No primed adaptation in type V-A or V-B systems. (A) The relative proportions of spacers acquired from each of the plasmids and Escherichia coli genome. The data represent the mean of three replicates. pAdaptation, pEffector, and the E. coli chromosome contain identical copies of lacI, which resulted in some ambiguous protospacers whose origins we could not differentiate. (B) The protospacer mapping distributions to the plasmids in each sample. Data were smoothed with a 250 bp sliding window and represent the mean (solid lines) ± SEM (shaded) for either two or three replicates; for some samples with low numbers of reads, the normalized mapping for one of the three replicates contained outlying data points, and so, in these cases, where the other two replicates were in close agreement, the outlying replicate was excluded from the analyses. Samples contained the WT pAdaptation and pEffector (+Cas12) plasmids with different versions of pTarget: pNaive (black), pTargeted (magenta), or pPriming (cyan). Protospacers mapping to the forward or reverse strands are plotted above or below the x axis, respectively. The lacI regions (dashed boxes) that are shared between pAdaptation, pEffector, and the E. coli genome were excluded from the mapping analysis.

FIG. 4.

Naive adaptation is biased toward locations of RecBCD activity. (A) Spacers acquired from the host chromosome for the WT Cas4-1-2 samples. The Escherichia coli genome is displayed linearized starting at the OriC, and spacers mapping to lacI were excluded.
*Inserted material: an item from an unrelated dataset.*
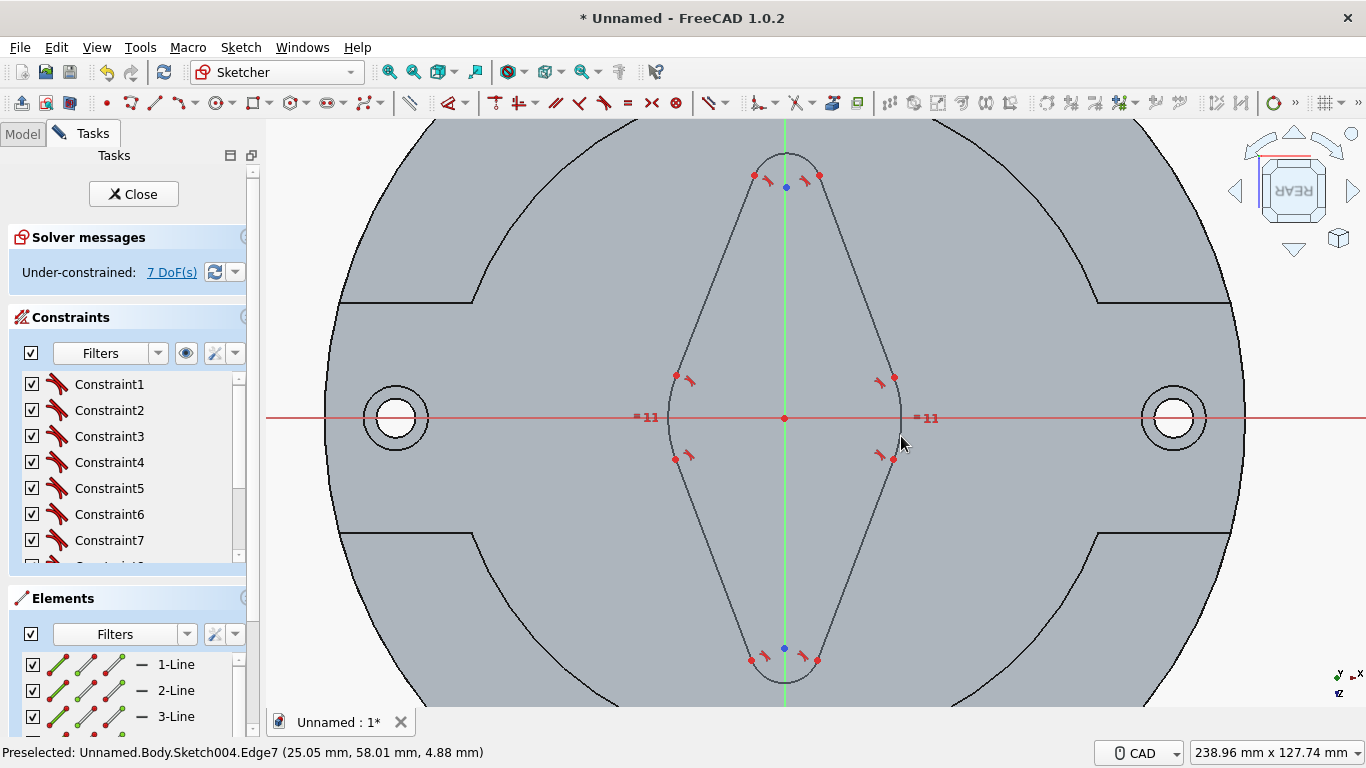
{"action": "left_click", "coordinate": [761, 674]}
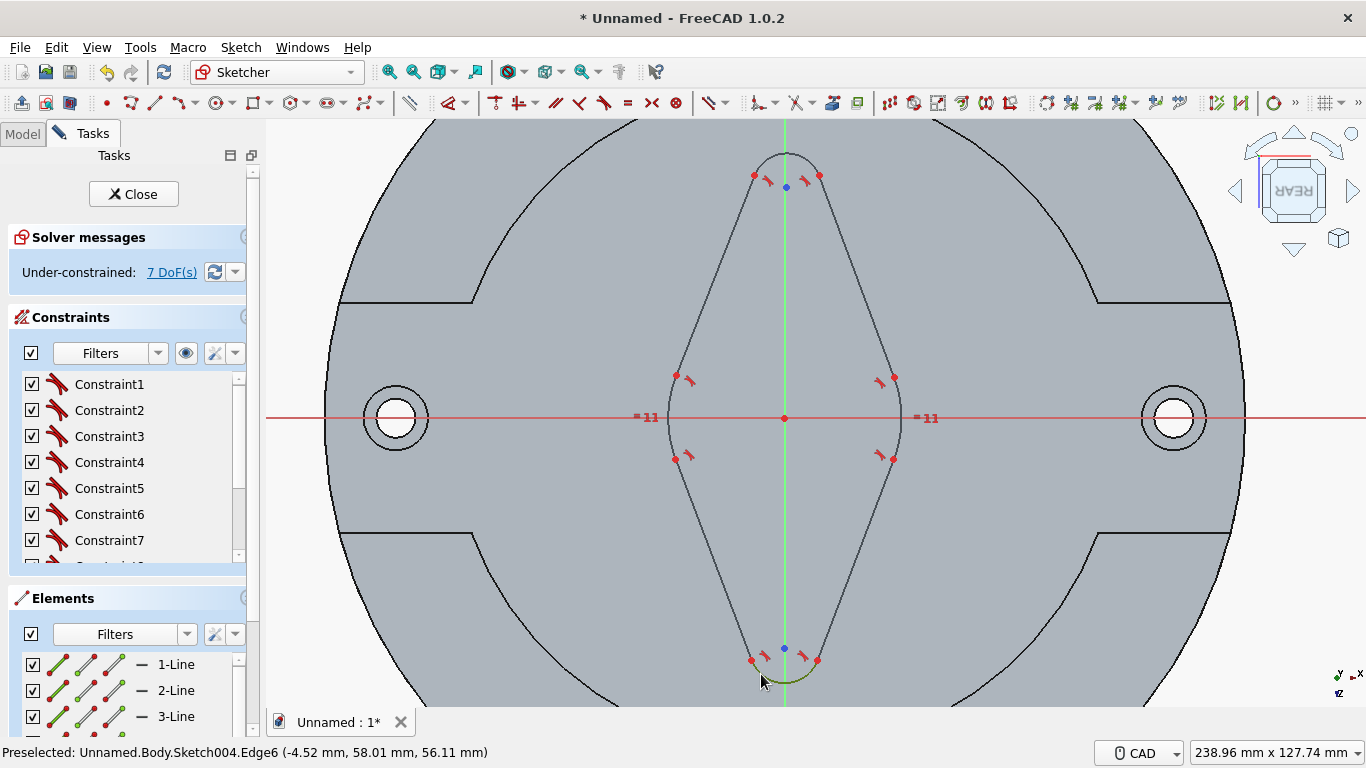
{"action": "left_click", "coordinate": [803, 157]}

Data represent the median for six replicates and are smoothed with a rolling-sum window of 10 kb, and then normalized to the total number of spacers in each sample. (B) The distribution of protospacers around Chi sites in the E. coli genome, with the sum of all spacers acquired across six replicates binned into 1 kb sections, as indicated. Protospacers and Chi sites within the genome terminus region (2.0–2.6 Mb) were excluded from this analysis. Note, although the total number of spacers detected was higher for type V-B than type V-A (due to differences in sequencing depth), the type V-A system acquired a higher proportion of all spacers from E. coli, relative to other sources, than type V-B (Fig. 2A).